▸ Supplied records:
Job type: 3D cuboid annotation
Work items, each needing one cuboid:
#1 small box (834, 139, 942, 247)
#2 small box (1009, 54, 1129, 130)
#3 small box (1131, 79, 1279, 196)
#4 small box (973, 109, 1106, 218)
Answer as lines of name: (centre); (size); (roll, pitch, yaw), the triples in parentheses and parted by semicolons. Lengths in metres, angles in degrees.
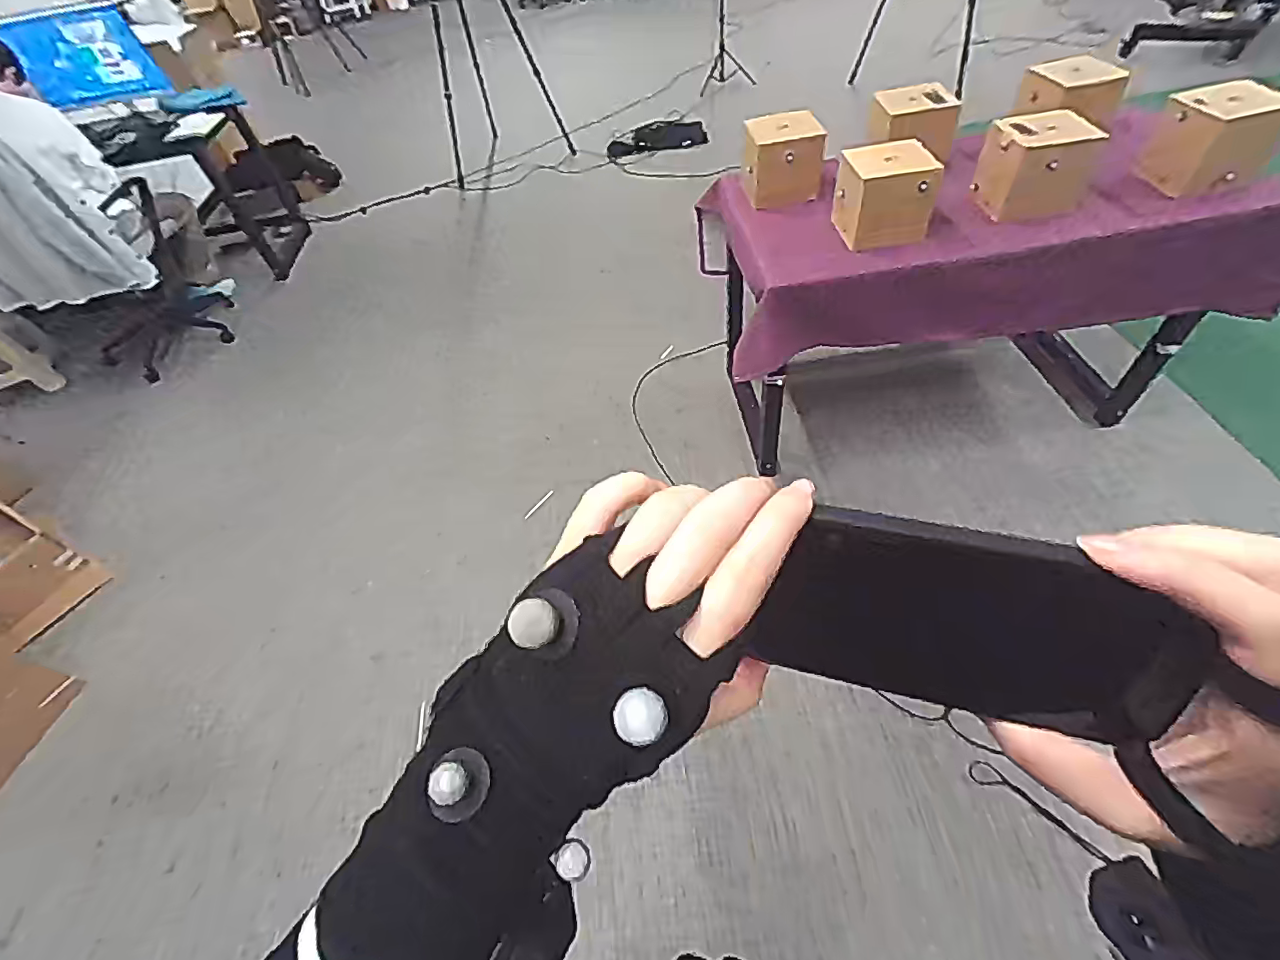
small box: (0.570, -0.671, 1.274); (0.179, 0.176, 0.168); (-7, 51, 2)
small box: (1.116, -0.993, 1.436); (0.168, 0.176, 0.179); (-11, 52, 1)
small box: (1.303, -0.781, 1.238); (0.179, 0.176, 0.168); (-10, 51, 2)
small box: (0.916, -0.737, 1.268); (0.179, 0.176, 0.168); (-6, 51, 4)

* * *

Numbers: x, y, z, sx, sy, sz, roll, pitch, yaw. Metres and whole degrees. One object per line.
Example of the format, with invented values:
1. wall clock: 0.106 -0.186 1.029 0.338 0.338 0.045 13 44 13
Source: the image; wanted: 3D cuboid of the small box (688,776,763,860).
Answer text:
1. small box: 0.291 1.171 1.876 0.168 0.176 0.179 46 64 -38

---

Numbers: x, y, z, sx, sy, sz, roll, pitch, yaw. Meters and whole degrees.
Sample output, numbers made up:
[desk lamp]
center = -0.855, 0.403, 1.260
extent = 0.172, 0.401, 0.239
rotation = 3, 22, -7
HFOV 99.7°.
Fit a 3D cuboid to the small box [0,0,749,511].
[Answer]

▸ Work item: Working from the entries above, filter out every line that lacks "whole" and copy what remains.

▸ Solution to the problem:
Numbers: x, y, z, sx, sy, sz, roll, pitch, yaw. Metres and whole degrees. One object per line.
Numbers: x, y, z, sx, sy, sz, roll, pitch, yaw. Meters and whole degrees.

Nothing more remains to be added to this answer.